# Favorite Bluegill Flies



## wclark5 (Mar 6, 2004)

Looking for some info on if anyone has been getting any Gills? What flies have you found to produce well?


----------



## Chinookhead (Mar 4, 2005)

Foam ants and spiders are cheap, durable, and fun......even the wacky bright colored ones work.


----------



## Chromedoggy (Mar 25, 2007)

Hise's Eggi juan kenobi


----------



## Bob T (Feb 6, 2000)

A sponge spider with rubber legs alone or with a nymph dropper for the spawn.


----------



## brushbuster (Nov 9, 2009)

A foam humpy size 12 and a bead head black nymph with marabou tail as a dropper size 16 Before they're on their beds i use a griffith's gnat.


----------



## Kelly Johnson (May 22, 2005)

Chromedoggy said:


> Hise's Eggi juan kenobi


Thanks for that Chromish. I watched the youtube and tied a few before I hit the pond...money.


----------



## flyfishinchristian (Oct 5, 2006)

I tie up something like Bully's Bluegill Spider in black or using peacock herl.

But I usually add two changes:
1. add a little red somewhere (like chenille)
2. add a small tail - usually white antron


----------



## Jacob Huffman (Sep 13, 2004)

Tore them up this weekend with the foam spiders...Tried a sea foam green Sat. then today tried a few different colors before sticking with classic black...I also trim the rubber legs down to about a 1/2 inch in length or so...And I use the smaller one's..like on a size 8 or 10 hook..


----------



## Jackster1 (Aug 17, 2001)

My go-to is a Madam X. Rich Jones who used to frequent this board is the master at tying them. They can be floated or sunk. With a tiny bit of action they are deadly.

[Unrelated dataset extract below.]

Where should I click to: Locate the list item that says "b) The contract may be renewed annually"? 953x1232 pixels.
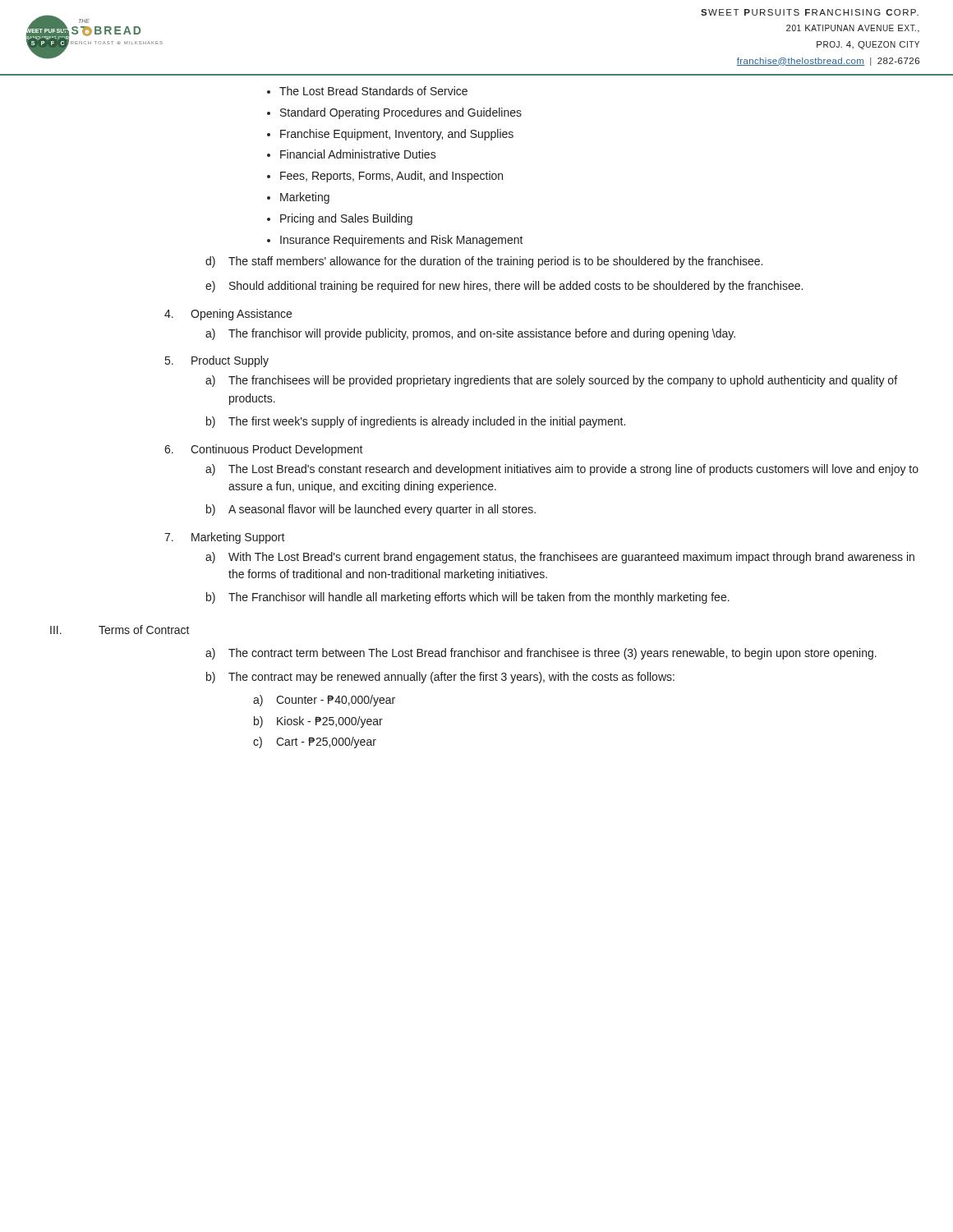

Next best and favorite for finicky 'gills is the RLD. Learned about this puppy at Callaway Gardens for their bruiser 'gills. This one is a killer!
http://www.warmwaterflytyer.com/patterns6.asp?page=13

These fell to those flies in the pond out back. Sadly, the bull gills in the pond have since fell to the frying pan of farmer Bubba down the street...


----------



## Pork Chop (Jan 21, 2003)

Another vote for poppers, cheap and fast to tie, and they last forever (not unusual to catch 50 - 100 fish on the same bug)-


----------



## wclark5 (Mar 6, 2004)

Thanks everyone foir the input. I love the poppers Pork Chop. What did you use for the bodys?


----------



## Pork Chop (Jan 21, 2003)

WC,

The poppers are very easy to make. I use a $1 pair of flip flops for the foam. They come in alot of different colors. Cut the flip flops into strips, then into small blocks. I then skewer a block on a toothpick, and chuck the whole thing into a drill or dremel tool. Use an emery board or piece of sandpaper to sand them to whatever shape you like.


----------



## flyfish (Dec 4, 2001)

Weighted Gold ribbed hares ear nymph, when spiders aren.t working. Also used as dropper. #12


----------



## wclark5 (Mar 6, 2004)

Flip flops! I am always amazed at how inventive and resourceful that the members of this forum are in thier pursuit of the sport they love. Thanks Pork Chop for showing me how to expand my seeing.


----------



## ramjet (Dec 19, 2003)

Some other ideas and additions to previous ones:

--You can laminate together sheets of craft store foam with contact cement or spray adhesive for a mix of foam colors. 
--Hobby Stores carry thin walled, rigid brass tubing.. Sharpen it up with sandpaper and chuck it in your drill to create round foam "stock" for poppers and the like. (this stock will also work to tie bass flies that look like flatfish lures.) Use a little liquid dish soap and water to lubricate the tubing.
--Google the "predator" and "stealth bomber" flies. Both can be employed as a style of tying with sheet foam and work great. You don't have to have all the bells and whistles (eyes, dubbing, tails) for them to work well, but keep the rubber legs on them! 

Lots of fun!!

Scott


----------